Binary Star System found Ejecting Common Envelope

Astronomers have announced the discovery of a tight binary star system that is in the process of ejecting a shell of material that envelopes them both. These new findings are helping complete the picture, and add to the observational evidence, of a stage of evolution between binary stars. 

The system features a compact remnant object, known as a white dwarf star, and a hot class-O Subdwarf companion in a tight orbit that lasts under four hours. As the subdwarf orbits the compact remnant in proximity, it spills matter onto it via an accretion disc that is likely surrounding the white dwarf. 

White dwarfs are what is left behind when stars like our Sun complete the main sequence phase of their lives - that is, they are no longer fusing hydrogen into heavier elements and have puffed away their outer layers. All that is left behind is the hot, cinder core of the former star. The subdwarf is itself a very hot type of star, with the temperature of this one measured at around 54,000 degrees Celsius. Its mass however is low, roughly about half of that of our Sun’s. 

The discovered envelope that surrounds both objects, has a radius of about 80% the diameter of the Sun and a thickness of about 20% of the solar radius. From the study, astronomers believe this blowout happened approximately 10,000 years ago. 

The international research effort, published in the journal Monthly Notices of the Royal Astronomical Society, involved scientists from the Australian National University, including co-author of the study, Associate Professor Christian Wolf who discussed how important it is to be catching the system during this phase of its evolution. 

“In the early stages, two stars often circle around each other with nothing much happening," Associate Professor Wolf said.  

"But when one of the stars grows into a red giant, it does not just claim more empty space the way a single star will do.” 

“Instead, it ’embraces’ or engulfs its companion, and they appear as one star under an opaque envelope. That's when things get really exciting. The friction of their motion inside the envelope profoundly alters what happens next for the stars. It not only causes heat but slows down the stars, so they spiral into an ever-tighter orbit; the envelope finally overheats and gets blown away.” 

Many of the stars we observe across the Galaxy belong in a binary pair - it’s a very common configuration. In many of these cases, as the stars evolve, they have an influence on each other, and can sometimes change the course of their shared future. 

It all begins when the first of the two stars stops burning hydrogen fuel in its core. If the star is massive enough, a series of other elements, like helium and carbon are next in line to begin fusing. This creates such high temperatures that it causes the outer layers of the star to expand into a giant phase. 

This expansion can often engulf both stars, changing their angular momentum and distance from each other, bringing them into tighter, more circular orbits.

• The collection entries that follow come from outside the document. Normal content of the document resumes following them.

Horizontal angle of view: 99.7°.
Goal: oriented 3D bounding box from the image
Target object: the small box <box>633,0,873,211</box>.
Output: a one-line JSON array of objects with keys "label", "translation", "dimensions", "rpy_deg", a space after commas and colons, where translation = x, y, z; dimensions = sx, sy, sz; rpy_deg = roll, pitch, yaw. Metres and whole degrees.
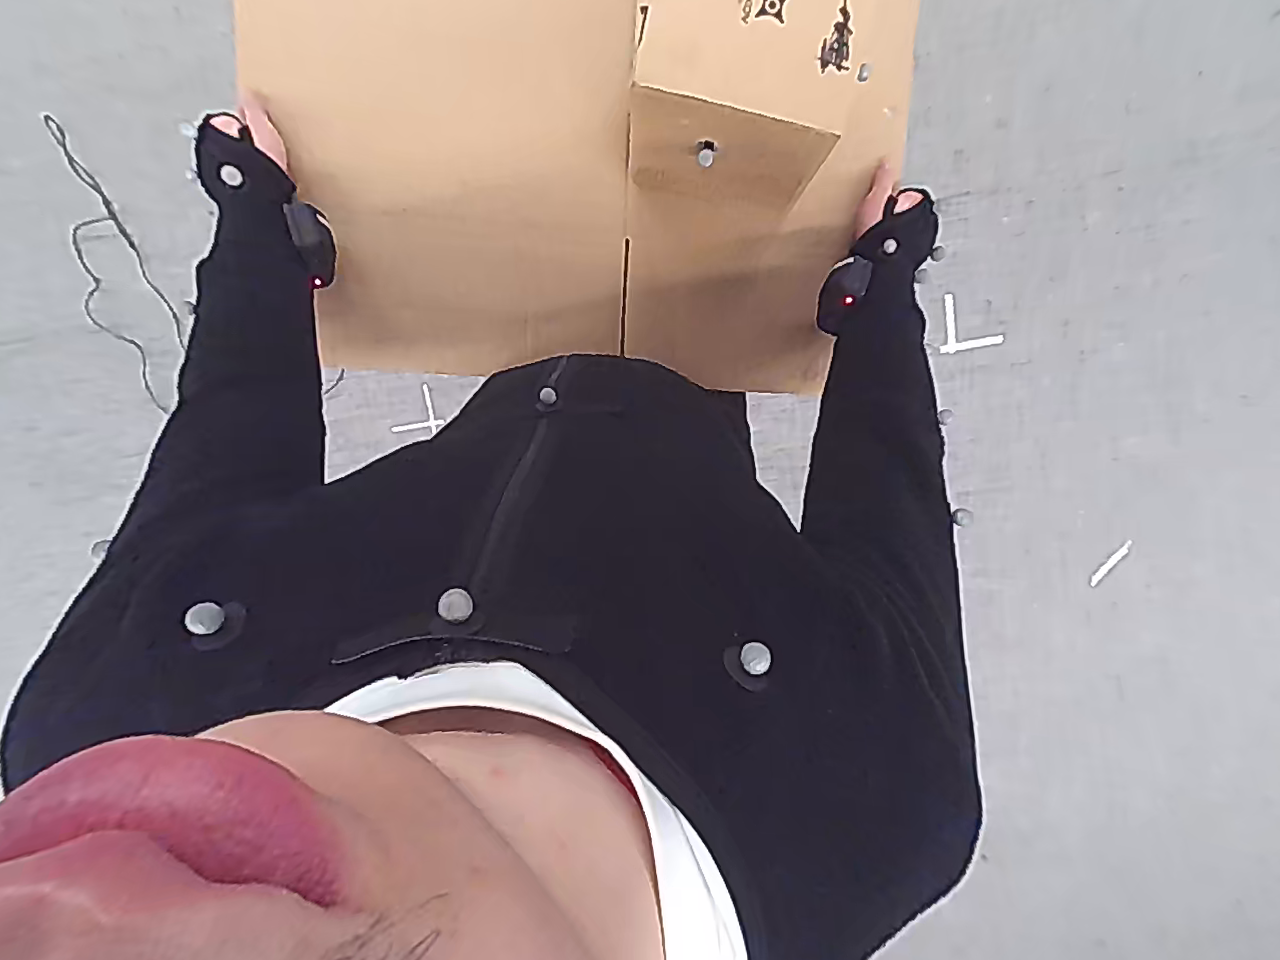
[{"label": "small box", "translation": [0.097, -0.381, 0.510], "dimensions": [0.179, 0.176, 0.168], "rpy_deg": [13, 96, -1]}]
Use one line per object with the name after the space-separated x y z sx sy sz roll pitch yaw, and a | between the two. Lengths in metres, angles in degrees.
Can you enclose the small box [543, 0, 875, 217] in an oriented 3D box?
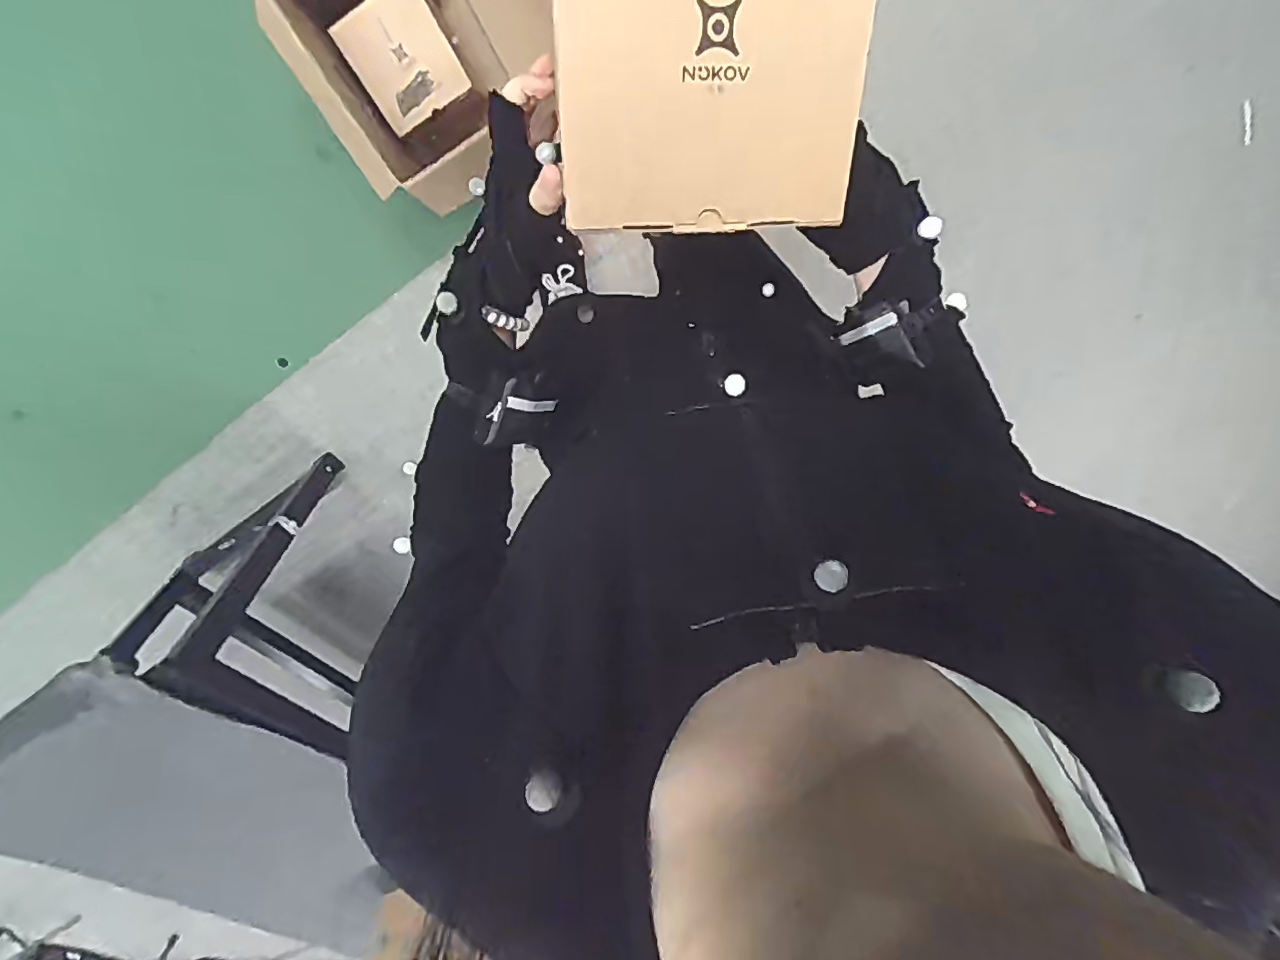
0.027 -0.267 0.340 0.168 0.176 0.179 -5 120 -7 | small box
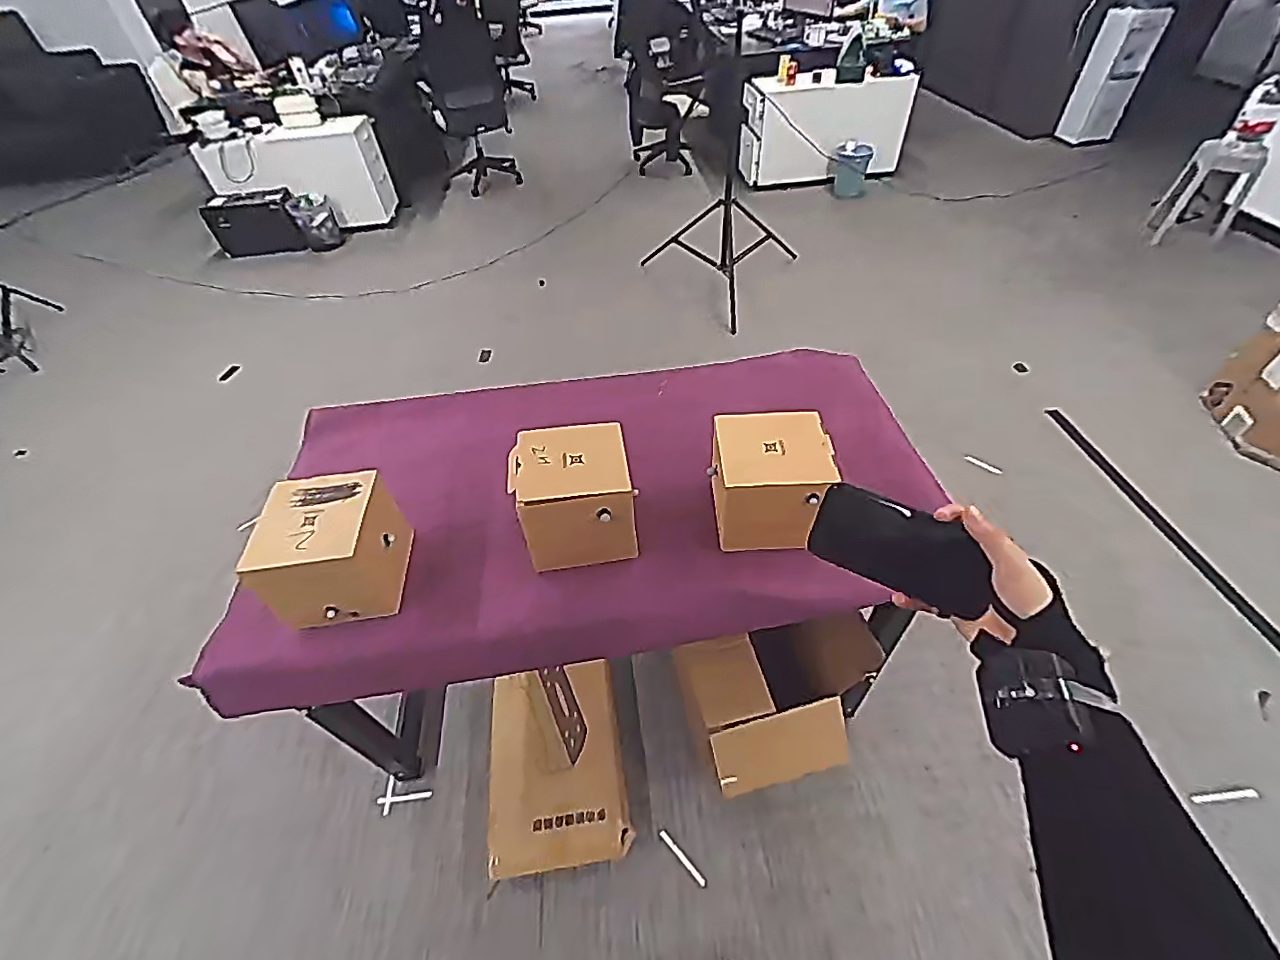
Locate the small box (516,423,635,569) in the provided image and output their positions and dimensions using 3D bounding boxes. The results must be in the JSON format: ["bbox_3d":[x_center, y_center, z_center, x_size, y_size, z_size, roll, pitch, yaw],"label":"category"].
[{"bbox_3d":[-0.103,0.029,0.911,0.179,0.176,0.168,-8,45,-3],"label":"small box"}]

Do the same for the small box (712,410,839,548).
[{"bbox_3d":[0.215,0.001,0.912,0.179,0.176,0.168,-3,47,2],"label":"small box"}]

Eventually, this star finishes its giant phase of evolution, and the only thing left behind is the white dwarf. 

In some cases, the secondary star can also (after some time) undergo the same process of helium burning, causing it to expand into a giant and engulf the white dwarf. This again will change the orbital parameters, as the friction from the envelope changes the momentum of the stars. 

In both these cases, the envelope gets heated up in the process and eventually gains enough energy to blow out, and evaporate. It is during this phase, that this new discovery has been made. 

“The common envelope phase is a missing link in the very long and complex chain of events making up the life of stars. Now we are starting to fix that link," Associate Professor Wolf said. 

"It could even help us better reconstruct gravitational wave events, such as black hole mergers."  

The researchers believe this first glimpse of the phenomenon could lead to the discovery of more stars at this critical stage in their life. 

"It may be easier to recognise them now we have a clearer idea of what to look for. There may be others that have been under our nose the whole time," Associate Professor Wolf said.

The implications of such events can lead to stars that radiate gravitational waves, and in the process are drawn closer together over time. In this latest paper, astronomers have reported that the orbit of this system has shrunk by 0.1 seconds in six years due to the emissions of this gravitational radiation. Whilst this might not seem a lot in our everyday terms, when considering the millions of year timescales that stars live on, this equates to one minute every 600 years.